Its critique of modernism is essentially ethical, but it nevertheless relies on scientific (or pseudoscientific) prophecies of material, natural disasters that will ravage the Earth unless we abandon modern technology and the social structures and world view that support it. When these prophecies turn out to be unreliable (as global warming theories have), the environmentalist challenge to modernism collapses. But by depending on science to support its claims, reactionary environmentalism crawls into bed with the very technological system it claims to repudiate and allows managerial environmentalists to assimilate it and manipulate it for their own purposes.

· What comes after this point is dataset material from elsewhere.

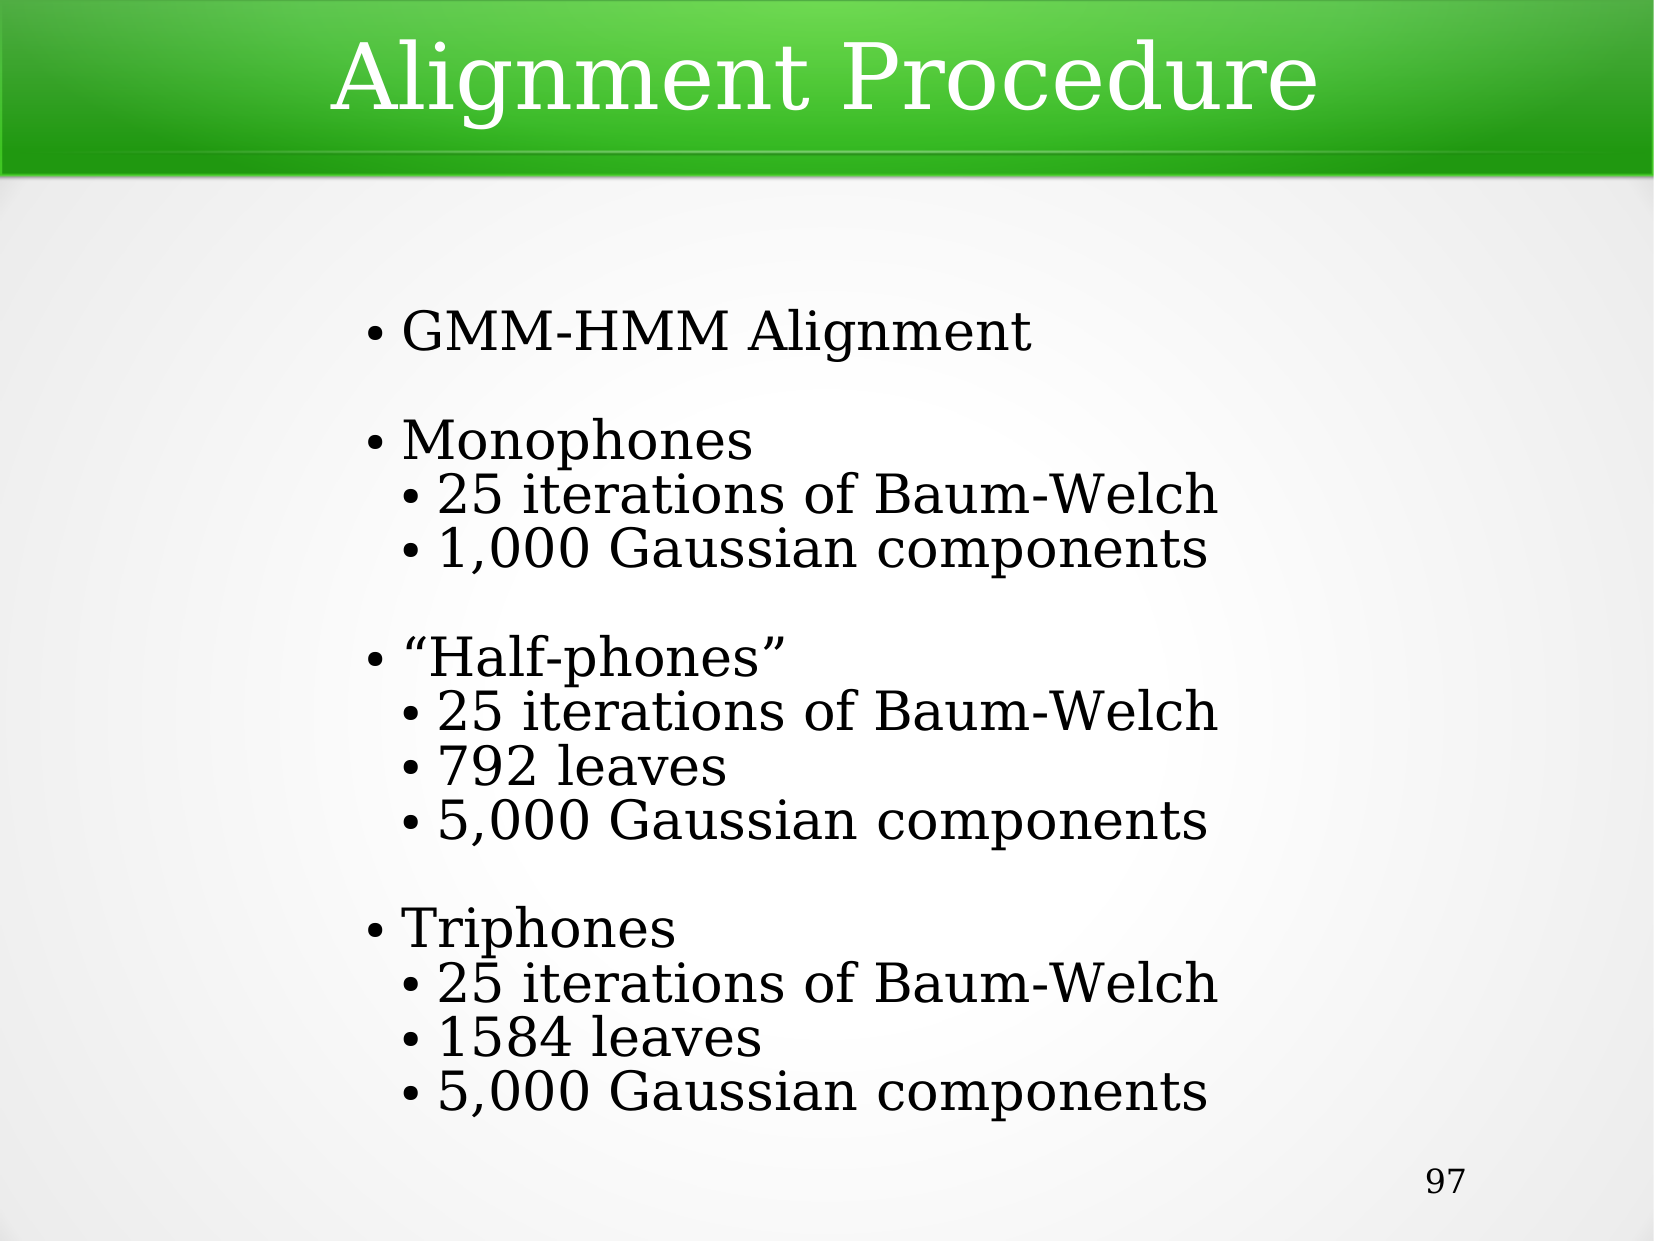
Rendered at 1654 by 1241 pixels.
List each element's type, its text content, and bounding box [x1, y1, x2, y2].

One reason reactionary environmentalism offers no sustained ethical critique of modernism is that its proponents probably realize it would sound even more bizarre than the doomsaying they usually thunder about. For all the pother about global warming, acid rain, resource depletion, carcinogenic foods, insecticides, and spray deodorants, no one other than the most marginal oddballs and the most ethereal eggheads really wants to live like the Iroquois, the Eskimo, or medieval serfs. No one even wants to live like American farmers of the 19th century. The remarkable absence of people who choose to exist at pre-industrial levels of subsistence is due only in part to the materialism which holds that for some reason such technologies as running water are preferable to hauling buckets from the village well. Societies that do prefer such levels or can’t move beyond them don’t survive in competition with those that don’t or can. Moreover, the civilization of the West is distinguished from other cultural complexes in large part by a quality that Oswald Spengler called its “Faustian” character, its seemingly irrepressible impulse to expand, explore, conquer, and create, and its capacity to institutionalize this impulse in intellectual and aesthetic life, as well as in politics, the economy, and technology.
Contrary to Spengler, the Faustian dynamism of the West is characteristic not only of modernity but also of ancient and medieval Europe. Probably its first manifestation was in the prehistoric outpourings of the Indo-Europeans into continental Europe and their rapid conquest of more primal societies that had the misfortune to get in their way. Millennia later it popped up again in the ethos that impelled Europeans to build roads and aqueducts across deserts, design Gothic cathedrals, invent capitalism and industry, stretch out to China, Africa, and North and South America, hold sway over continents and the oceans that link them, and ultimately intrude into the caverns of the atom and reach upward toward the stars.
Whether they called their holidays Christmas or the Saturnalia, the elites that created European civilization understood that they and the people they ruled were destined for something other than the bucolic toe-picking that reactionary environmentalists seem to think is the chief and proper end of mankind. They understood also that while economic growth and technological innovation are part of the Faustian ethos, they are not the whole of it. They would therefore have regarded the preoccupation with acquisitive and hedonistic individualism and the manic pursuit of growth and gratification championed by contemporary “conservatives” as a deformation of that ethos, no less than the primitivist whinings of the greenies; and they would have recognized in the resurrection and cultivation of Faustian aspirations the only authentic source of an enduring technological civilization of the future.